A comienzos de este año se conocieron los primeros datos de una encuesta solicitada por la Suprema Corte de Mendoza. Sus resultados fueron estrepitosos: el 58,9% consideró que el desempeño judicial es pésimo y el 33% que es regular. La cruda matemática nos indica que nueve de cada diez personas consultadas no cuentan con una mirada favorable respecto del trabajo en los tribunales. Además se menciona el problema de la inseguridad ciudadana como el más predominante, siendo considerado un tema que la propia esfera judicial aún no atendió debidamente. Si bien se trata de un relevamiento que no es representativo, por lo que sería arriesgado afirmar que aquello que refleja la citada encuesta es plenamente cierto, vuelve a encender las alarmas sobre la percepción que tiene la ciudadanía acerca del rol que ejercen los tribunales.

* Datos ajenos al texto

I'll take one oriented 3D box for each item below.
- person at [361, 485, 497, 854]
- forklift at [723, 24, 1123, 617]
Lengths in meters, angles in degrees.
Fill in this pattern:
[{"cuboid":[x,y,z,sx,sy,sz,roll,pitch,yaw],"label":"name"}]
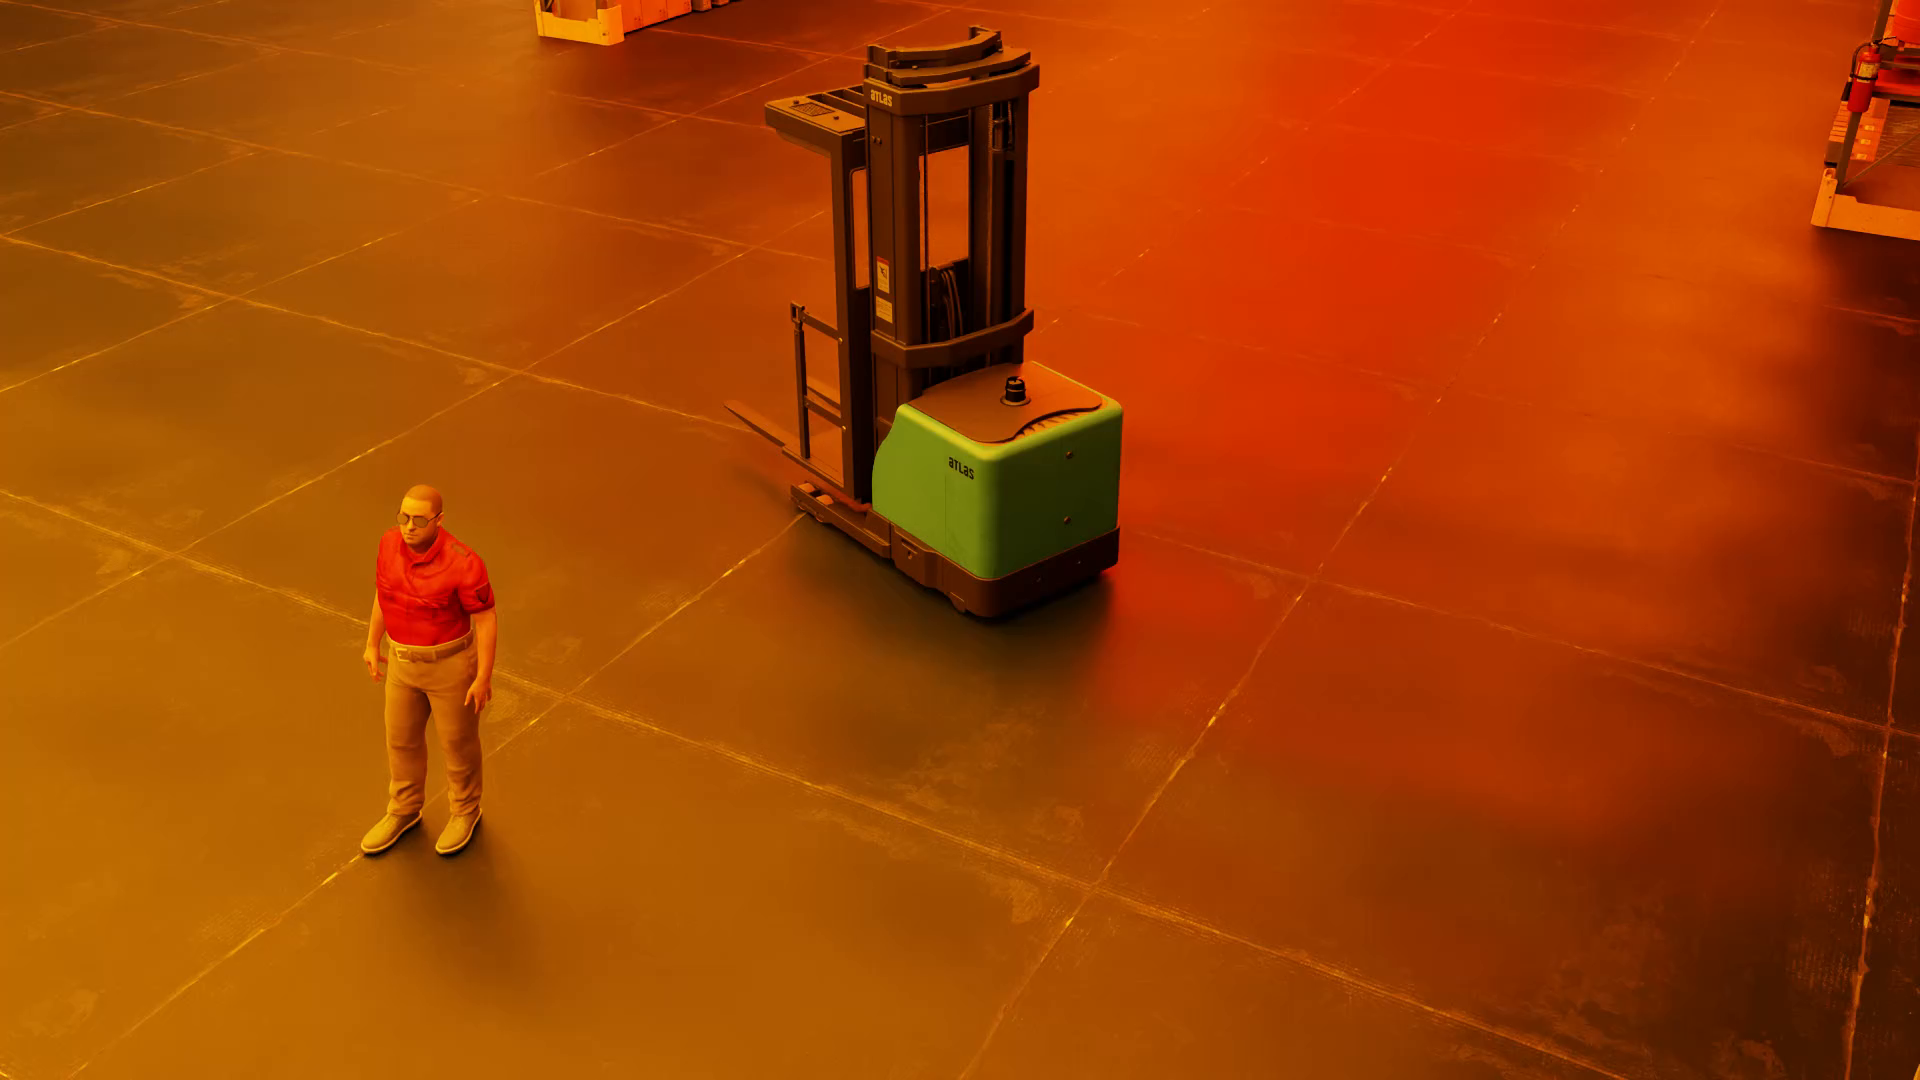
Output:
[{"cuboid":[-2.347,0.593,7.233,0.640,1.727,0.551,10,32,17],"label":"person"},{"cuboid":[-0.392,-1.515,9.696,1.130,2.935,3.031,-22,36,-33],"label":"forklift"}]

El fenómeno que acabamos de mencionar podría recrudecer a partir de la reciente designación, vía decreto, de Ariel Lijo y Manuel García Mansilla a la Corte Suprema de Justicia, con el agravante de que en estos nombramientos también está implicado el Poder Ejecutivo.
En la conclusión del libro ¿Qué es la filosofía?, Gilles Deleuze y Félix Guattari afirmaron lo siguiente: Sólo pedimos un poco de orden para protegernos del caos. No hay cosa que resulte más dolorosa, más angustiante, que un pensamiento que se escapa de sí mismo . Incesantemente extraviamos nuestras ideas. Por este motivo nos empeñamos tanto en agarrarnos a opiniones establecidas ¿El título de la conclusión en cuestión? Del caos al cerebro. Allí asoman tres conceptos interesantes para evaluar los resultados de la encuesta aludida y las secuelas del decreto sancionado: orden, caos y opiniones establecidas. Y los consideramos relevantes porque, aun existiendo posturas enfrentadas al respecto, son los tribunales aquellos que tienen la tarea de conjurar el caos y ser garantes del orden social afianzando, como consecuencia, las opiniones establecidas.
Lo dicho supone que frente a diferentes conflictos sociales, en particular si se trata de controversias de difícil resolución, nuestras sociedades estiman necesaria la presencia de personas preparadas, profesionales del derecho, que se encarguen de resolverlos. El camino iría aquí del caos al orden, y de las opiniones establecidas al tribunal. O con otras palabras, confiar que en el marco de criterios reglamentados, los integrantes de la administración de Justicia logren un desenlace que, al menos en parte, no genere más daño que el que debería remediar. Incluso admitiendo que parece incrementarse un descrédito por parte de la ciudadanía, incluso tolerándosele por momentos rutinas interminables y laberintos burocráticos tortuosos, el Poder Judicial tiene asignado el rol de traducir demandas colectivas en respuestas institucionales con efectos jurídicos legítimos.
Así las cosas, de profundizarse ese descrédito del que hablamos, incluyendo las designaciones por decreto de miembros del Máximo Tribunal del país, o si se propagaran irreflexivamente las rutinas y los laberintos tolerados, estaríamos frente al riesgo de ingresar en un proceso de mayor volatilidad con derivaciones imprevisibles. Si este fuera el escenario, nos dirigiríamos desde los tribunales hacia el caos, es decir, serían los mismos actores judiciales quienes en lugar de producir soluciones, generarían desconcierto. Por lo tanto resulta prudente señalar, sin ánimo catastrofista, que ese riesgo siempre latente puede convertirse en realidad.
*Investigador del Conicet / UNLP / Instituto de Cultura Jurídica.